The jersey shirts are more in demand nowadays in the market and the manufacturers are getting huge orders for the construction of jersey shirts. Due to their complex construction, which is generally weft knitted, they have a high degree of stretch- ability in them. The interlining being used in these fabrics have to be matched with the characteristic of fabrics. A normal cotton interlining may not serve the purpose as it is much more stiff and does not have a high level of stretchability which is actually a major need in case of jersey shirts. Using a cotton interlining may make the jersey shirt look aesthetically bad and will also increase the chance of the number of problems arising.
The best solution for jersey shirts with high stretchability are bi-elastic interlinings. These are made up of bi-elastic fabrics that have a slight stretch across the bias of the material giving maximum comfort when worn. They have better stretch, elongation and recovery property which fits well with these jersey fabrics, having greater extent of stretchability in them.
The promising brands with these kind of interlinings are Freudenberg, Wendler and Talco. The brands have different range of different interlining weights to achieve the perfect collar look with high stretchability and resilience.

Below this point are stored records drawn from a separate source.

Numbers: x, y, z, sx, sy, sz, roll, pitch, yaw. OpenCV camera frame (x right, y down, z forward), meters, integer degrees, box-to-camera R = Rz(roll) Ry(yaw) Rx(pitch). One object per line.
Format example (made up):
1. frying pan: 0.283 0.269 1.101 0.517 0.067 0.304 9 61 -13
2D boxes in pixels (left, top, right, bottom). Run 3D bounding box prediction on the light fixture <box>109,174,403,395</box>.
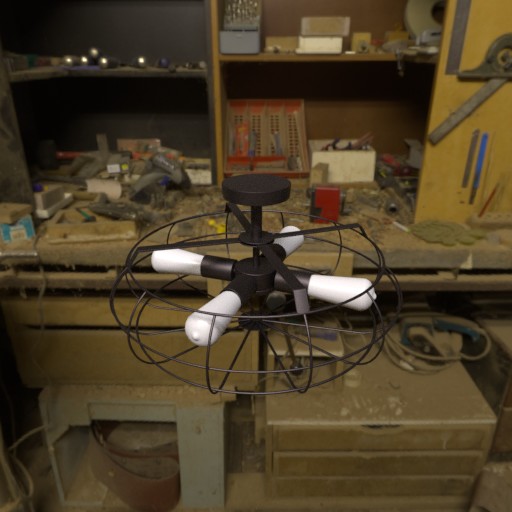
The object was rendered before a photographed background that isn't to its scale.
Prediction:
1. light fixture: 0.000 0.000 0.904 0.582 0.311 0.582 0 26 0
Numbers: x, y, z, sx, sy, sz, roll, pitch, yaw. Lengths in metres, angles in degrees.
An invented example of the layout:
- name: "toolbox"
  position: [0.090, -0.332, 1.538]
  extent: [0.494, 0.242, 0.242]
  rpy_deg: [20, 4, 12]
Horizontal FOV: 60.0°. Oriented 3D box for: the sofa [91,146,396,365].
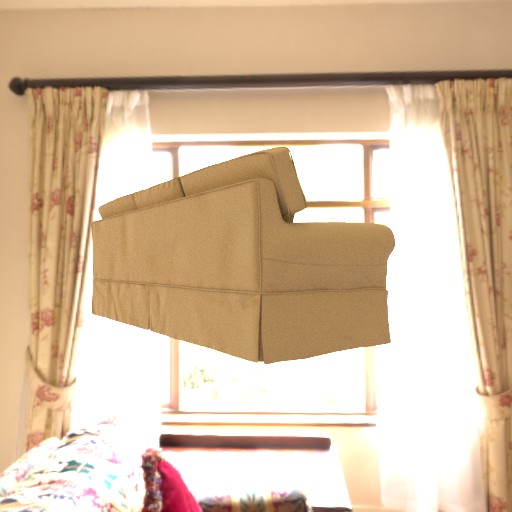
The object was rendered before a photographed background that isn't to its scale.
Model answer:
- name: "sofa"
  position: [0.000, 0.000, 3.319]
  extent: [1.733, 0.978, 2.475]
  rpy_deg: [1, -2, -37]
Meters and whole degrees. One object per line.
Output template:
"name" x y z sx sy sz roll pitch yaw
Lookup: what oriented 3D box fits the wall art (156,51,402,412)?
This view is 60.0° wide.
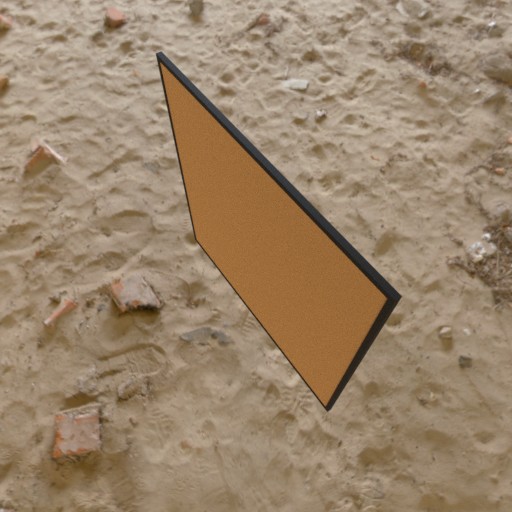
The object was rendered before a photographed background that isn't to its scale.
"wall art" 0.000 0.000 1.019 0.015 0.663 0.664 -31 63 -18
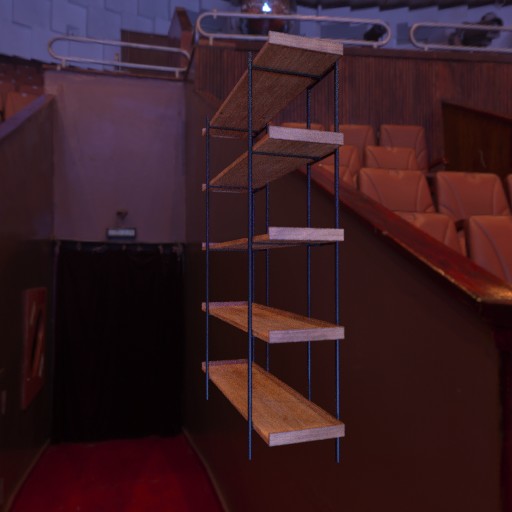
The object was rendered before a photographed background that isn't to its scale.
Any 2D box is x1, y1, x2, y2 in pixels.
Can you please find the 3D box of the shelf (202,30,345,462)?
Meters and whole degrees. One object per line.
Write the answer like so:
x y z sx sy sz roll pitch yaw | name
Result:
0.000 0.000 2.484 0.379 1.826 1.371 0 -1 -18 | shelf
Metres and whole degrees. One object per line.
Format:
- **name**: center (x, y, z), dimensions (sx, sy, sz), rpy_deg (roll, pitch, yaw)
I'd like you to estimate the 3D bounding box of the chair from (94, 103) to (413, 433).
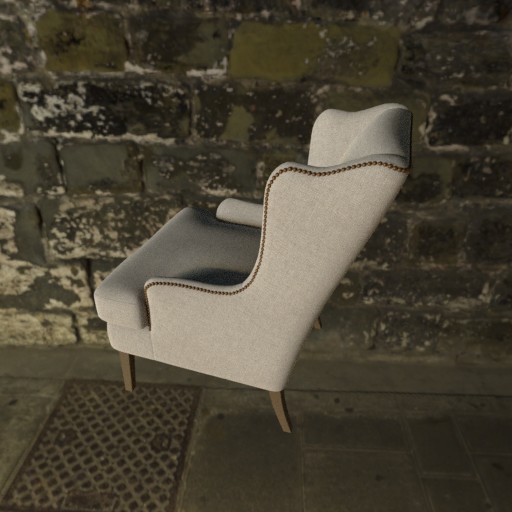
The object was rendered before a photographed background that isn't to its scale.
- **chair**: center (0.000, 0.000, 1.630), dimensions (0.940, 1.029, 0.737), rpy_deg (9, 31, 15)
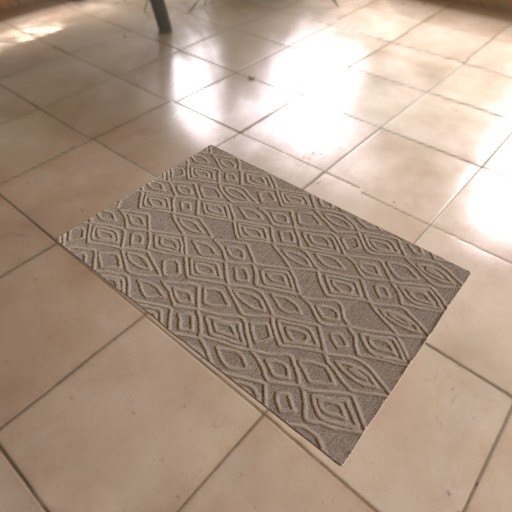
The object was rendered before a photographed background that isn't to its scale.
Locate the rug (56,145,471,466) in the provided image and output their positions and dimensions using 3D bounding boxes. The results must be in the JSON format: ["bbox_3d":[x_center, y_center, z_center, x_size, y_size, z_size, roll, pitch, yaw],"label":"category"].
[{"bbox_3d":[0.000,0.000,2.328,1.832,0.016,1.224,31,54,26],"label":"rug"}]
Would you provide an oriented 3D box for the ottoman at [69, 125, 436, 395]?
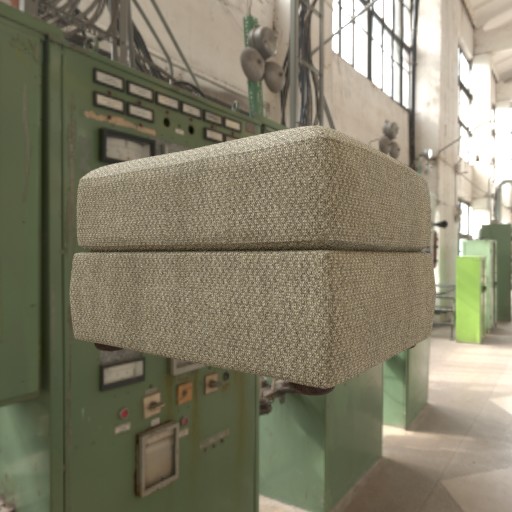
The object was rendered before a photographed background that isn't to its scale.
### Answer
[{"bbox_3d":[0.000,0.000,1.128,0.751,0.476,0.603,0,0,37],"label":"ottoman"}]
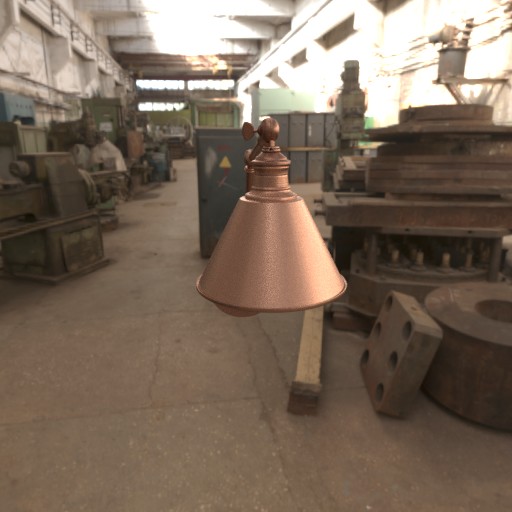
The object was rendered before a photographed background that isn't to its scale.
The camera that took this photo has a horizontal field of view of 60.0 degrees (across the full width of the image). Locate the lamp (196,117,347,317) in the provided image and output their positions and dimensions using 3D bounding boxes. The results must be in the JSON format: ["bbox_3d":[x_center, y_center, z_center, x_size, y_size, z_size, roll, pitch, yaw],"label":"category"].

Shirts made from Polyester, Nylon – More heat sensitivity required
The variety of fabric present in the market have their own distinct characteristics. These properties have to be considered before performing any treatment on them. The outer fabric made out of viscose and nylone gives a super soft-hand feel and the perfect look. At the same time, this variety of fabric is the most heat-sensitive making it difficult to handle the fusing process that requires heat and pressure. Also, this characteristic sometimes affects the quality of the fusing applied to the interlining.
Moreover, the normal classic cotton fusible interlining may not give the type of result that is required. One of the disadvantages of using it is the high thermal shrinkage. Also, using classic lower temperature Cotton IL (LDPE) available in the market increases the risk of bubbling after few times of dry cleaning or home laundry.

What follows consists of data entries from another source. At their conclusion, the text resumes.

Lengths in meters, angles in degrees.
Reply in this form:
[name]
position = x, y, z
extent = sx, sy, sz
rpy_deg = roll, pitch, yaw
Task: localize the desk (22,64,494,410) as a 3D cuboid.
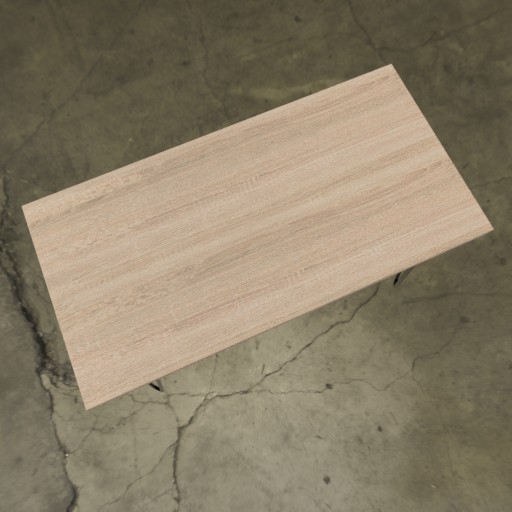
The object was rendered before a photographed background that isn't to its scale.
[desk]
position = 0.000, 0.000, 1.357
extent = 0.991, 0.660, 0.499
rpy_deg = -23, 75, -6
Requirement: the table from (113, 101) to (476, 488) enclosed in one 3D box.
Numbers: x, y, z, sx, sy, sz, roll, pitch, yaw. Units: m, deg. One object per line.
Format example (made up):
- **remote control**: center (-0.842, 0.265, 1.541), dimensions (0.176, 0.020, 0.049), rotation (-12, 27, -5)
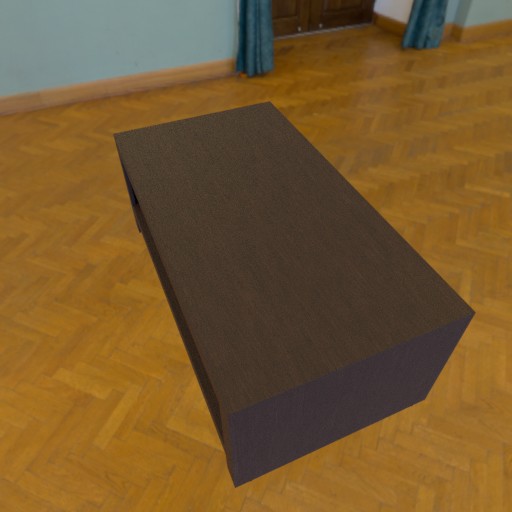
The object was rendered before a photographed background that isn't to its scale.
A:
- **table**: center (0.000, 0.000, 1.415), dimensions (0.597, 0.424, 1.099), rotation (-17, 48, -16)

Adhesive is a substance that causes fibres, fabric, yarns or other materials to stick together. Choosing the right kind of adhesive technology can help in achieving lower temperature fusing. Not all the adhesive in the market require high heat temperature for getting fused to the fabric. There are adhesives that can be fused in low temperature, and will therefore not harm the heat-sensitive fabric.
One such example is the Freudenberg 63XX range with its patented adhesive technology. These can be fused in low temperature and deliver better bond strength.
Uniform Shirts – More washability required
White shirts are used as uniform shirts and will always be in trend. Uniform shirts are used almost daily and therefore have to be washed a number of times. There are a number of problems that arise in these shirts because of the bad use of interlining. One is that of bubbling which comes in the shirt collar after certain washes.
Using a normal cotton interlining may not solve the purpose. Being a natural fibre, it has some small filament yarn and foreign yarn also contaminating the interlining that can be seen in the shirt and appears different from the shirt.
The stiffness and the softness required in the collar can be achieved only by a good quality interlining present in the market. However, many of the brands have come up with a better quality alternative too. One of them is the Freudenberg 68XX range. This is the perfect solution for uniform shirts and has already been tested on millions of shirts. This solution is completely man-made and certified. The other companies serving the purpose can be Wendler and Talco.